*Material for this exercise*.
****

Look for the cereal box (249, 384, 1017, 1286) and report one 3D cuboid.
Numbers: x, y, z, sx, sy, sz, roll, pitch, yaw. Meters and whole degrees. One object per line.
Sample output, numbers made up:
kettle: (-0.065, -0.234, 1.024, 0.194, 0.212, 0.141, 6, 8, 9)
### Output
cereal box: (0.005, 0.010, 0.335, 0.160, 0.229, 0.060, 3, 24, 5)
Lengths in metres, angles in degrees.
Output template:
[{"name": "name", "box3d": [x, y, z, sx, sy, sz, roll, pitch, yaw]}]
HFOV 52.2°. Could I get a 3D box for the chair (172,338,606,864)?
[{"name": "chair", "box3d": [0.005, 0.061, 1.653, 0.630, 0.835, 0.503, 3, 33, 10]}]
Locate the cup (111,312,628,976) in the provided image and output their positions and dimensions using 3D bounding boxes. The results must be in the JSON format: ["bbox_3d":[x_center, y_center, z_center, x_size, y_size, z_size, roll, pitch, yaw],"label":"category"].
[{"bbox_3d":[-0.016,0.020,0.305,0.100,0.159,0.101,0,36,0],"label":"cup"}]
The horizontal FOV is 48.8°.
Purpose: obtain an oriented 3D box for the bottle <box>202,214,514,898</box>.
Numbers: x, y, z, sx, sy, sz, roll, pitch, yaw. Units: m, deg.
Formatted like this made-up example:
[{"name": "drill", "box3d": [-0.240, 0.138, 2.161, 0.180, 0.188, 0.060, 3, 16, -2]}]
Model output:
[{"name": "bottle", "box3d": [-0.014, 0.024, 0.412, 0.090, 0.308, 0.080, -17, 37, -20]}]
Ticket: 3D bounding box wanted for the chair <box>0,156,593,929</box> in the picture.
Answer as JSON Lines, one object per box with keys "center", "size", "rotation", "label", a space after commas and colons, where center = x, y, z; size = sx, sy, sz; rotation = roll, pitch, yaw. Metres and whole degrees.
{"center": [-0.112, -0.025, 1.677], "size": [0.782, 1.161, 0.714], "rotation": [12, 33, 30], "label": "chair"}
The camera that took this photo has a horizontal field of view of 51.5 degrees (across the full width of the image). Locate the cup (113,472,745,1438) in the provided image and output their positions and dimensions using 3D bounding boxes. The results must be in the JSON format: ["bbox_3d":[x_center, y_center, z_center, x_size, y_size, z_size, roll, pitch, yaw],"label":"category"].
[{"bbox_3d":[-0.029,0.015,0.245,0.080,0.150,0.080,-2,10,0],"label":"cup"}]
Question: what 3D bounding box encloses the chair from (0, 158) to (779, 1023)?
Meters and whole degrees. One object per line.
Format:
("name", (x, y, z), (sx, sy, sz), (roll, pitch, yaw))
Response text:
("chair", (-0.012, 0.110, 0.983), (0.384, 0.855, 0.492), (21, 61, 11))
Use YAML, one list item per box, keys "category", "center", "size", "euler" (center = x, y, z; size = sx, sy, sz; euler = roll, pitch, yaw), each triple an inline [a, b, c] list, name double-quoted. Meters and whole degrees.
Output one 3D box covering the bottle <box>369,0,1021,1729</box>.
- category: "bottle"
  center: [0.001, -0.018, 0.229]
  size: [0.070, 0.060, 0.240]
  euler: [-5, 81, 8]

****

Tell how many lines of the data include the word "made", without any other words.

*Result of the exercise*. 2